##### Input material
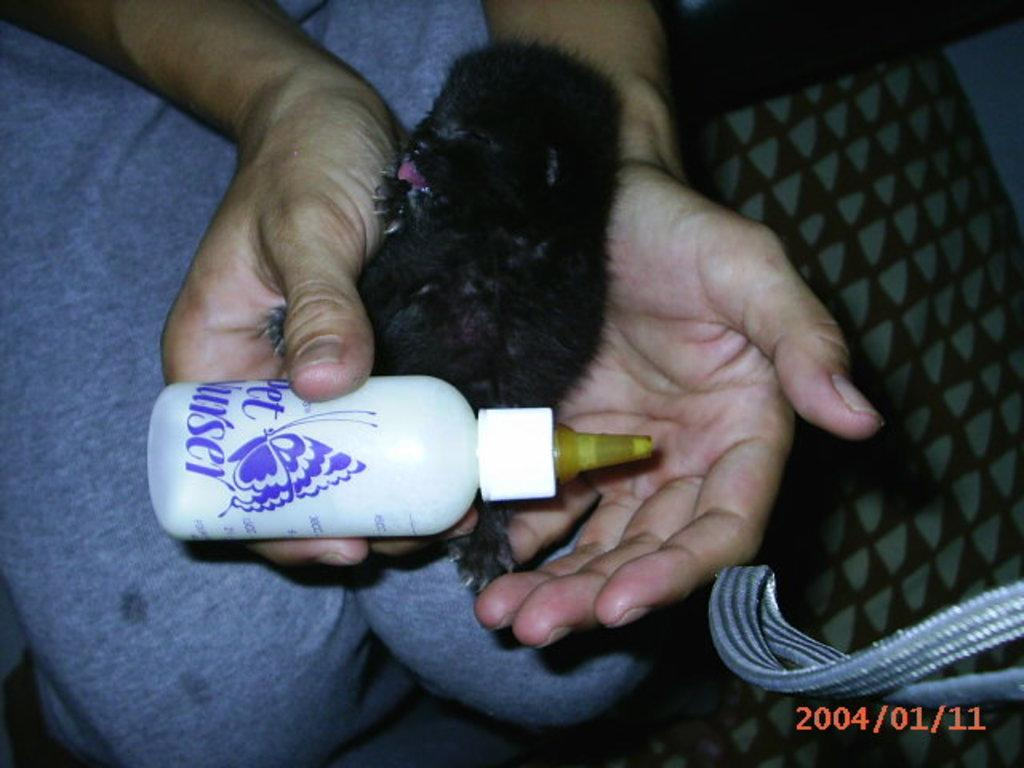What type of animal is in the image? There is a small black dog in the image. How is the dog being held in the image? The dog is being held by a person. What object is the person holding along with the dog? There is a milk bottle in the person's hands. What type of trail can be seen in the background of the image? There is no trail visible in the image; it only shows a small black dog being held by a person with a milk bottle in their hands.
##########
##### Input material
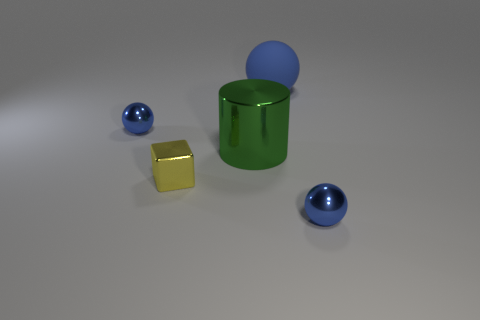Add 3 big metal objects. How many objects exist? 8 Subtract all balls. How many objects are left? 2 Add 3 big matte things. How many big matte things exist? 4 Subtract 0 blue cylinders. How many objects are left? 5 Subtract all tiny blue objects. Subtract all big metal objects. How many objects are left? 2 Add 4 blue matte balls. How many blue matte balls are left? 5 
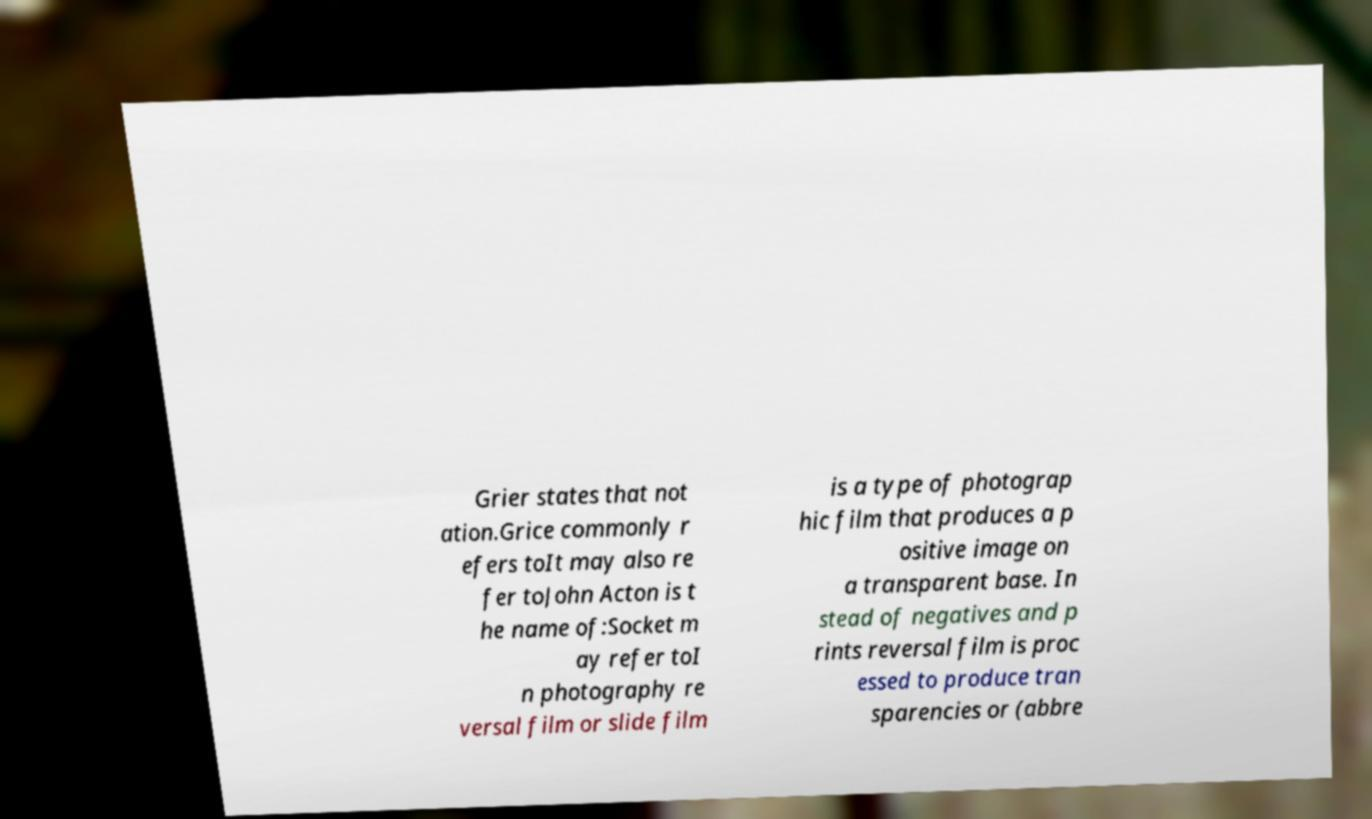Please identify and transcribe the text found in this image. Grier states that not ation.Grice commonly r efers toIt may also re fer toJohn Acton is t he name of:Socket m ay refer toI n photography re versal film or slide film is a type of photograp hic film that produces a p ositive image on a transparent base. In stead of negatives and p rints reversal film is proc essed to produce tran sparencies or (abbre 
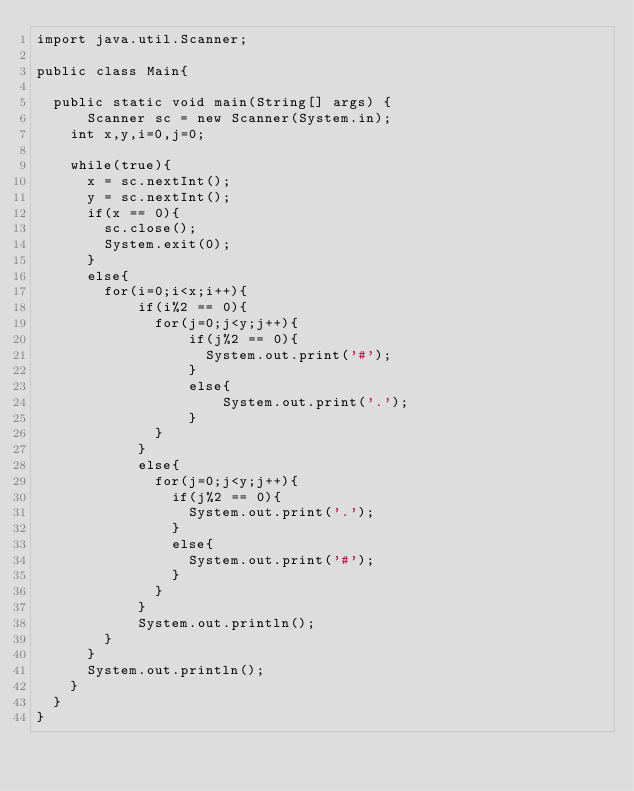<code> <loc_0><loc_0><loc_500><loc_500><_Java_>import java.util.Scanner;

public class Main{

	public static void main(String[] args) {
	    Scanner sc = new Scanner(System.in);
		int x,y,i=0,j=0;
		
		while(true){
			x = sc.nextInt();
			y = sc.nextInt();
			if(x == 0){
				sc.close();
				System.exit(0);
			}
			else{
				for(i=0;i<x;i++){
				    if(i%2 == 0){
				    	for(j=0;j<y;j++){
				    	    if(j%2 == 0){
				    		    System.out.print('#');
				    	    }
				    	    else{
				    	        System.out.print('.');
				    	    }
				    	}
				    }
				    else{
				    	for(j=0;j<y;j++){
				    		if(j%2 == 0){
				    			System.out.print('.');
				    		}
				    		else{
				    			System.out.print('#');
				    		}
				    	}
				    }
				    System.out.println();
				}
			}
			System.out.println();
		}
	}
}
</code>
##########
### What this task involves
Please state how many lines of the records hold the word "println", and write nothing but that number.

### Solution to this problem
2